L’iper-attivazione che deriva da un evento giudicato importante per la propria esperienza di vita è un meccanismo adattivo che permette all’organismo di avere memoria di quanto accaduto al fine di, per quanto possibile, evitare che accada di nuovo. A volte questa attivazione si protrae così a lungo da essere inutile per lo stesso scopo per il quale si è “accesa”. Se oltre a questo sci si mette il meccanismo, anche questo fortemente adattivo, della dissociazione, il mix può essere piuttosto difficile da affrontare. La dissociazione permette alla mente di silenziare parti della nostra esperienza per rimuoverle, non sentirle, non viverle al fine di massimizzare ciò che sembra funzioni bene. Così dopo un incidente o un infortunio il nostro modo di essere, di vedere gli altri, di narrare e di narrarsi cambia cercando di mettere tutto ciò che ha provocato dolore. Dopo un incidente non siamo più gli stessi di prima.

Modi di superare un incidente

Abbiamo detto che un incidente rompe il fluire del racconto. Abbiamo detto che costringe a far emergere alcune parti di sé a discapito di altre. Abbiamo detto che un incidente favorisce l’attivazione di una iper-allerta che può protrarsi fin troppo a lungo, ben oltre quanto serva..

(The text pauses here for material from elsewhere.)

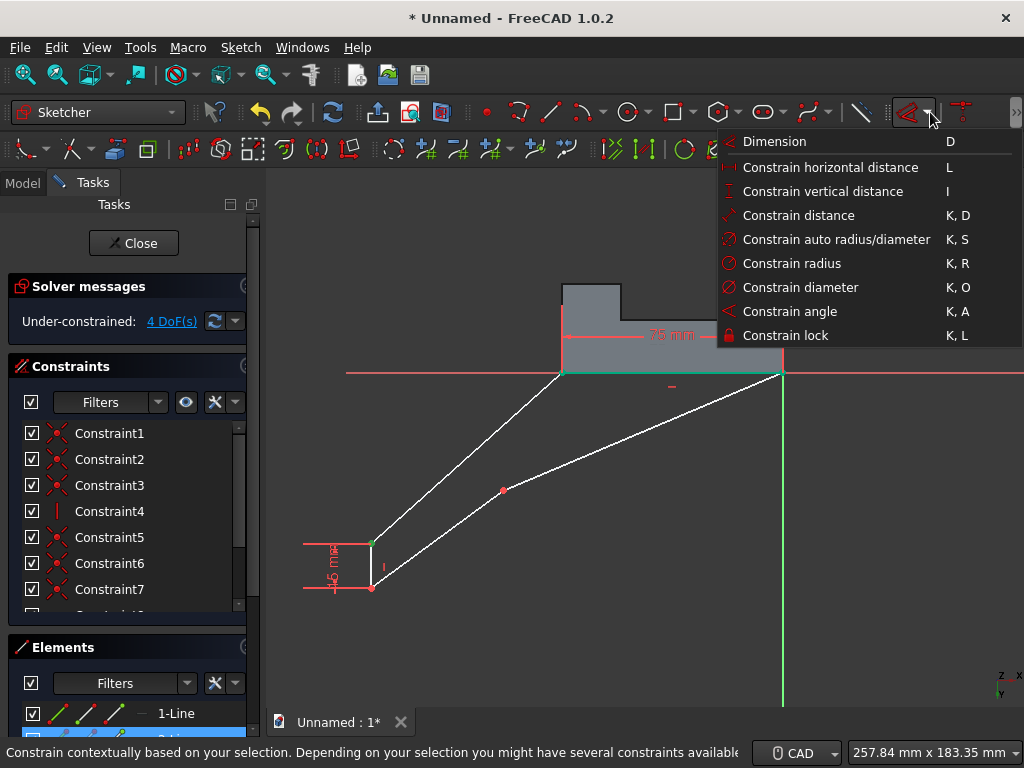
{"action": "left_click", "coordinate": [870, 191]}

Dunque per ripartire occorre riprendere il filo del proprio discorso, permettersi di esprimere se stessi nel modo più completo, avendo fiducia che ogni parte di noi può essere utile e bella. Ciò porterà progressivamente a integrare l’evento nella propria narrativa di vita, a riconquistare un equilibrio nuovo e a non aver più bisogno di essere iperallertati. L’ansia, la preoccupazione e l’angoscia diminuiranno trasformandosi in emozioni e sentimenti più complessi e adattivi.
Alcune persone per alcuni incidenti o infortuni non hanno bisogno di nessun aiuto professionale. Altri o per certi particolari eventi possono sentire la necessità di un percorso di sostegno psicologico o di psicoterapia. E questi spesso scoprono che quella “cosa” è stata per loro una opportunità irripetibile.